The importance of CCL21 for the development of tactile allodynia became evident in plt animals that lack neuronal CCL21. Spinal nerve injury in these animals did not induce any signs of tactile allodynia. However, the development of tactile allodynia was initiated in plt animals when spinal nerve injury was followed by an intrathecally injection of CCL21. Although CCL21 was injected only once, it induced a pain reaction that lasted until the end of the experiment (day 14) and was undistinguishable from the pain reaction in wild‐type animals. An inhibition of CCL21 function by antibody treatment before and after spinal nerve injury prominently reduced the development of tactile allodynia in wild‐type animals throughout the 14‐day experiment. Furthermore, whereas wild‐type mice up‐regulated P2X4 receptor expression in microglia after spinal nerve injury (Tsuda et al, 2003; Ulmann et al, 2008), this response was reduced in plt animals. Stimulation with recombinant CCL21 induced a rapid and concentration‐dependent increase in P2X4 protein expression in cultured microglia, indicating a direct CCL21 effect in these cells. This was further corroborated by intrathecally injections of CCL21 in plt animals, which resulted in up‐regulation of P2X4 expression. It is therefore suggested that CCL21 in vivo is crucial for the induction of microglial P2X4 expression. This assumption is corroborated by the findings that intrathecal injection of CCL21 in P2X4‐deficient animals did not induce long‐lasting tactile allodynia, showing that CCL21 function is upstream of P2X4 up‐regulation in the cascade leading to tactile allodynia.

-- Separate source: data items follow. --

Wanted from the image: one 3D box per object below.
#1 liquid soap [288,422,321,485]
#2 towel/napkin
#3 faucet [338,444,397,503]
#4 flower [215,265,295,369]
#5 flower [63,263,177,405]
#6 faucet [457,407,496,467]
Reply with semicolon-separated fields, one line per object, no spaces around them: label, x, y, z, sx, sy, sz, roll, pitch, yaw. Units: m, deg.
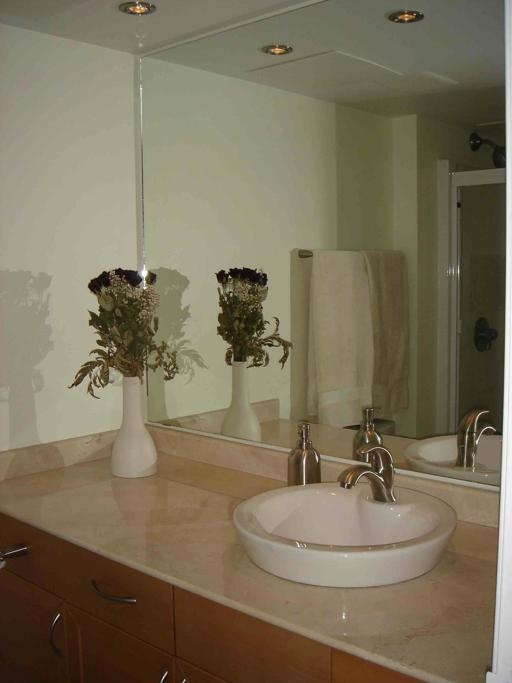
liquid soap;0.102;0.266;1.263;0.067;0.173;0.066;3;4;-2
towel/napkin;0.228;-0.008;1.367;0.057;0.426;0.283;-9;7;-43
faucet;0.205;0.248;1.059;0.147;0.120;0.045;-7;12;-42
flower;-0.017;-0.019;1.630;0.247;0.383;0.145;5;-15;6
flower;-0.358;0.016;1.647;0.269;0.414;0.341;-7;-5;-3
faucet;0.431;0.193;1.135;0.027;0.121;0.079;-8;6;-32
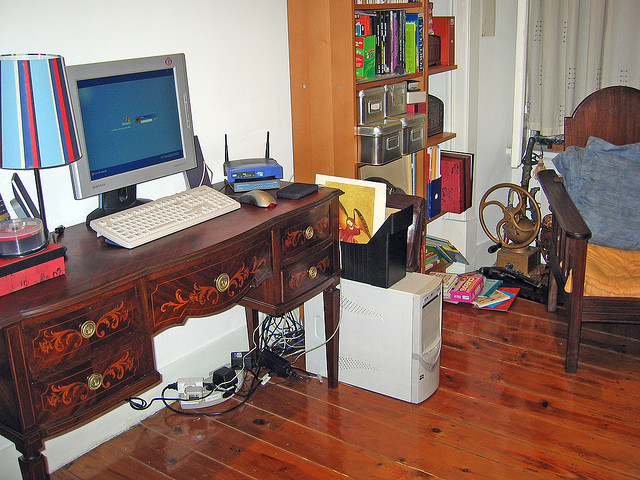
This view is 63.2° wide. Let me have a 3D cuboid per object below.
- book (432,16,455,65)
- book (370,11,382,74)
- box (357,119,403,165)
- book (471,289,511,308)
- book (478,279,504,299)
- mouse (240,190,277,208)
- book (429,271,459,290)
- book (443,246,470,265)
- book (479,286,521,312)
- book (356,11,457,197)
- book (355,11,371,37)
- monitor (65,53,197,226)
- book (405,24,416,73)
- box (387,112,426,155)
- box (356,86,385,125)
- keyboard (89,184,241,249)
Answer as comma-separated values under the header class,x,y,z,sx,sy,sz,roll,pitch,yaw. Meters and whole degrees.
class,x,y,z,sx,sy,sz,roll,pitch,yaw
book,0.831,-1.285,3.370,0.195,0.298,0.158,-12,22,-26
book,0.289,-1.048,2.727,0.033,0.356,0.249,-1,14,13
box,0.327,-0.526,2.792,0.160,0.210,0.295,12,25,35
book,1.065,0.371,3.259,0.234,0.026,0.117,-16,26,-22
book,1.097,0.314,3.356,0.078,0.011,0.234,9,29,29
mouse,-0.258,-0.186,2.142,0.111,0.041,0.071,14,24,29
book,0.806,0.248,3.403,0.182,0.051,0.206,10,23,29
book,0.912,0.106,3.512,0.025,0.232,0.179,-45,2,0
book,1.140,0.376,3.225,0.135,0.011,0.206,8,34,32
book,0.477,-0.778,2.951,0.321,1.012,0.970,6,20,27
book,0.215,-1.092,2.641,0.124,0.132,0.072,16,27,40
monitor,-0.779,-0.420,2.077,0.255,0.612,0.548,22,31,31
book,0.512,-1.080,2.944,0.028,0.258,0.080,15,29,42
box,0.494,-0.605,2.996,0.153,0.205,0.274,6,21,35
box,0.251,-0.716,2.771,0.128,0.175,0.226,13,24,42
keyboard,-0.571,-0.096,1.991,0.228,0.087,0.535,15,31,39

CCL21 was not required for the development of thermal hypersensitivity after spinal nerve lesion as plt animals did not show a difference compared with wild‐type animals. Since it is known that tactile allodynia and thermal hypersensitivity in the spinal nerve lesion model show differences in morphine response and disease course (Kim and Chung, 1992; Wegert et al, 1997; Lashbrook et al, 1999), our data about the selective involvement of CCL21 add up to the concept that tactile allodynia and thermal hypersensitivity are due to different mechanisms.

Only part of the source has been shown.